Nguyen Quang H
Glaucoma Service, Division of Ophthalmology, Scripps Clinic, La Jolla, California, USA.
Curr Opin Ophthalmol. 2009 Mar;20(2):122-5. doi: 10.1097/ICU.0b013e32831da828.
Glaucoma drainage implants have an increasing role in the surgical management of glaucoma. Traditionally, trabeculectomy is usually recommended to patients as the initial surgery of choice and glaucoma drainage implant is reserved for patients with high risk of failure for filtering surgery. There is a lack of consensus among glaucoma surgeons regarding the use of tube shunts or trabeculectomy.

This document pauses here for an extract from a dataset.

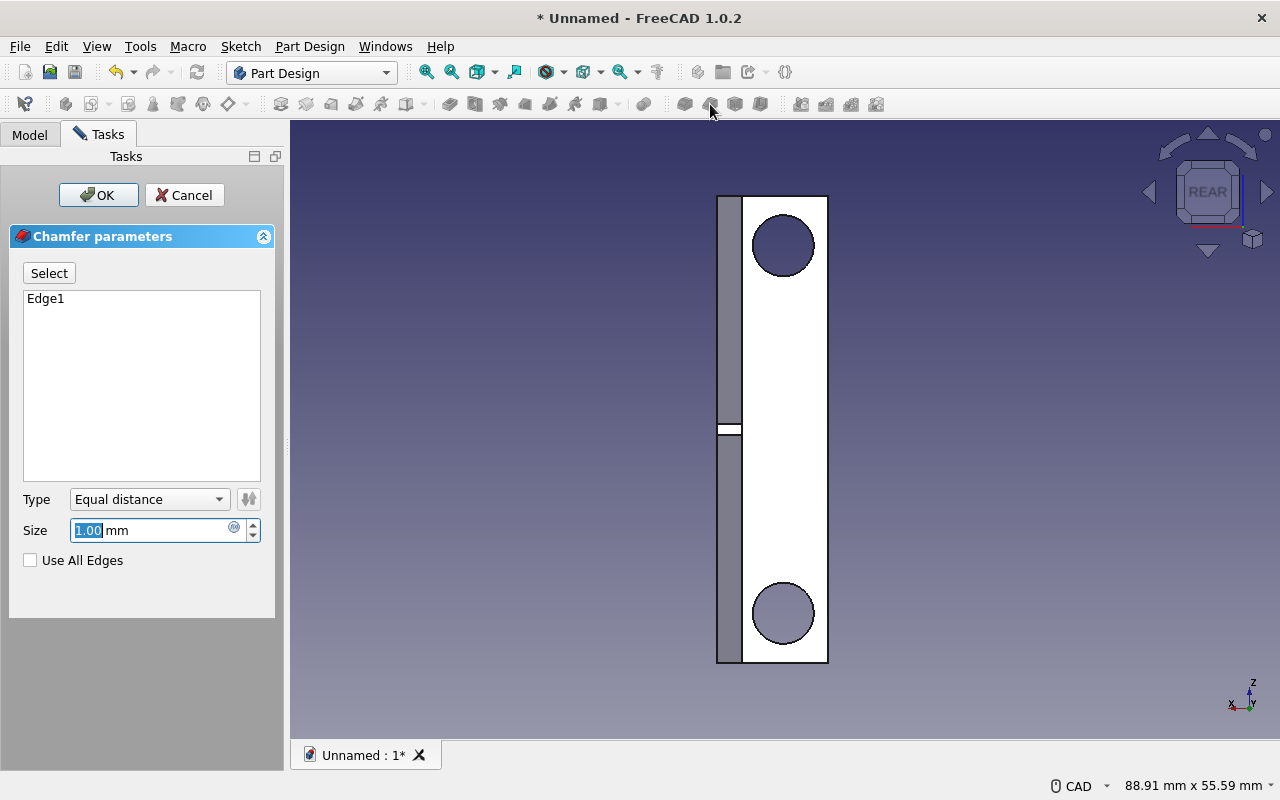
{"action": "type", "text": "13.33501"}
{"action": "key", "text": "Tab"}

The role of glaucoma drainage implants has historically been limited to refractory glaucoma. Peer review publications in recent years suggest that glaucoma drainage implants may have similar efficacy as well as safety profile compared to trabeculectomy with antimetabolites. The tube versus trabeculectomy demonstrated similar intraocular pressure reduction at 1 year of follow-up. Because glaucoma drainage implant is usually offered at the refractory stage, the limited success rate of glaucoma drainage implant in terms of intraocular pressure lowering effect compared to trabeculectomy has been in the mindset of many glaucoma surgeons. If glaucoma drainage implant was offered as the initial procedure, the success rate may be different in terms of intraocular pressure control.
Glaucoma drainage implants should have expanding role in the surgical treatment of glaucoma.

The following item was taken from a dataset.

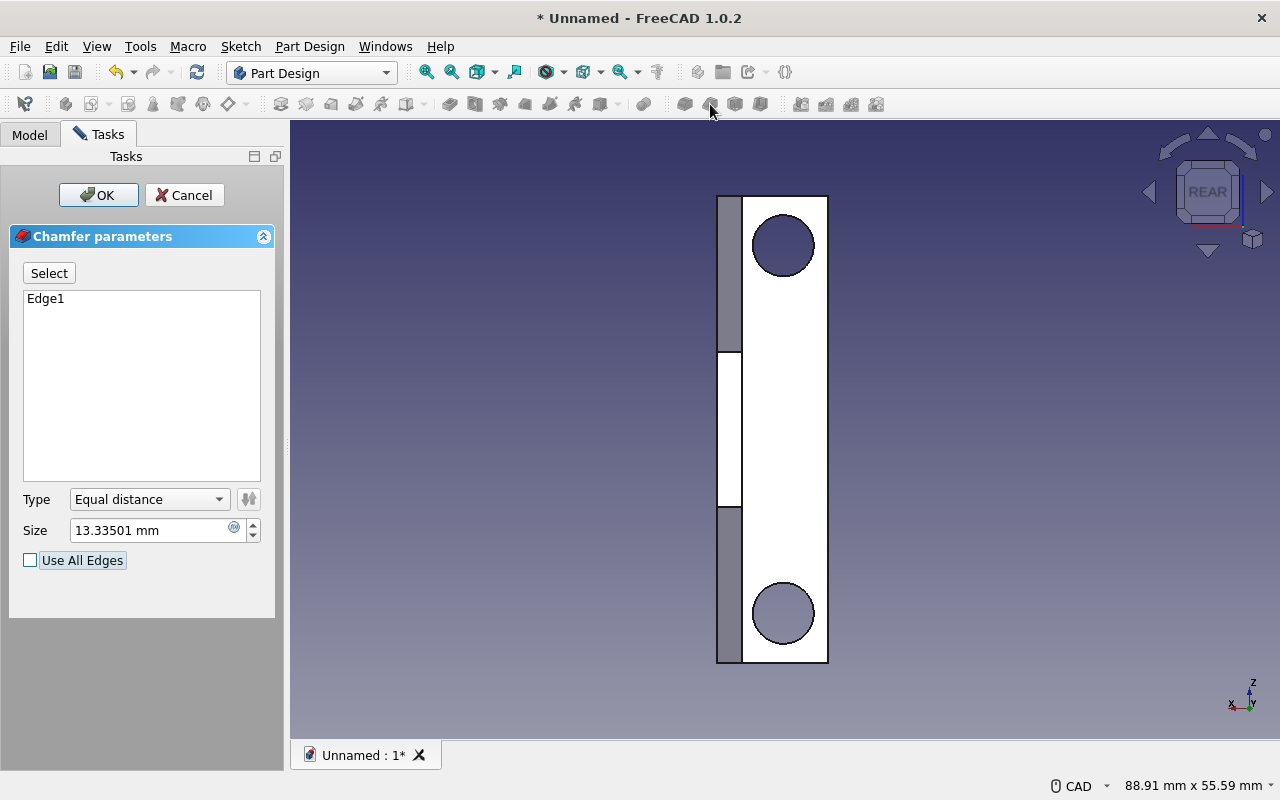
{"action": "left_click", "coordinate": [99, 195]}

青光眼引流植入物在青光眼手术治疗中的作用日益增加。传统上,小梁切除术通常被推荐为患者的首选初始手术,而青光眼引流植入物则用于滤过手术失败风险高的患者。青光眼外科医生在使用引流管分流术或小梁切除术方面缺乏共识。
青光眼引流植入物的作用历来局限于难治性青光眼。近年来的同行评审出版物表明,与使用抗代谢药物的小梁切除术相比,青光眼引流植入物可能具有相似的疗效和安全性。在随访1年时,引流管与小梁切除术降低眼压的效果相似。由于青光眼引流植入物通常在难治阶段使用,与小梁切除术相比,其在降低眼压效果方面的成功率有限,这已成为许多青光眼外科医生的固有观念。如果将青光眼引流植入物作为初始手术,在眼压控制方面的成功率可能会有所不同。
青光眼引流植入物在青光眼手术治疗中的作用应不断扩大。